The boundary matters because the semantics differ. A scale-up link cares about cache/memory ordering, accelerator-to-accelerator load/store and atomic access, and very short reach, so it can assume near-lossless behavior and skip a heavy software transport. A scale-out NIC cares about packetization, congestion control, loss recovery, virtualization/multi-tenancy, telemetry, security, and integration with Linux, libfabric/verbs, and RCCL/NCCL. Collective libraries deliberately exploit both: reduce within the scale-up domain at NVLink/UALink bandwidth, then do the smaller cross-node step over the scale-out fabric (hierarchical collectives).

For a NIC driver engineer, the two worlds meet at topology discovery, memory registration, peer DMA, failure reporting, and the collective library picking the right path. A bug in NUMA placement, PCIe peer access (ACS), CQ moderation, or device reset can silently demote a scale-up-capable transfer onto the slow scale-out path, and the application just sees mysterious bandwidth loss without an error.

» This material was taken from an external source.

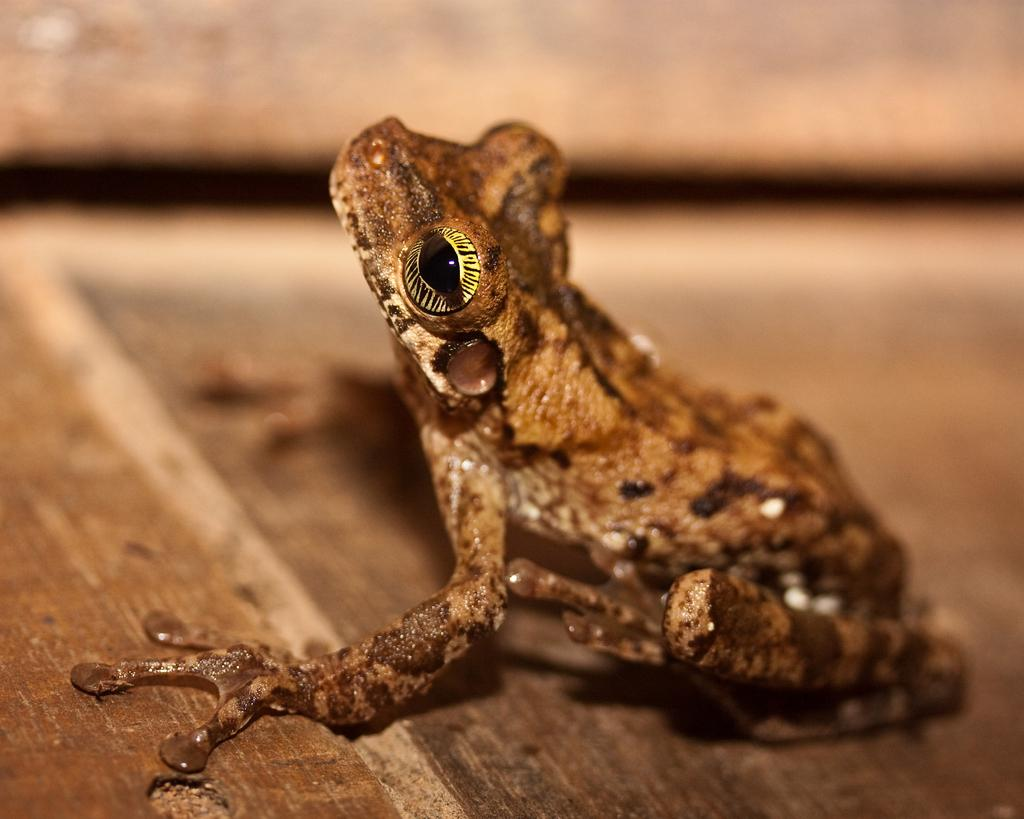What animal is present in the image? There is a frog in the image. Where is the frog located in the image? The frog is on the floor. How many clocks can be seen hanging from the twig in the image? There are no clocks or twigs present in the image; it only features a frog on the floor.

What they're listening for: A strong candidate separates memory-semantic short-reach scale-up (UALink/NVLink) from routable scale-out transport (UEC), and connects it to hierarchical collectives and driver-visible demotion failures.
Follow-ups
  • What should a topology API expose to RCCL/NCCL?
  • Why do hierarchical collectives reduce intra-node first?
  • What reset behavior is dangerous with peer DMA?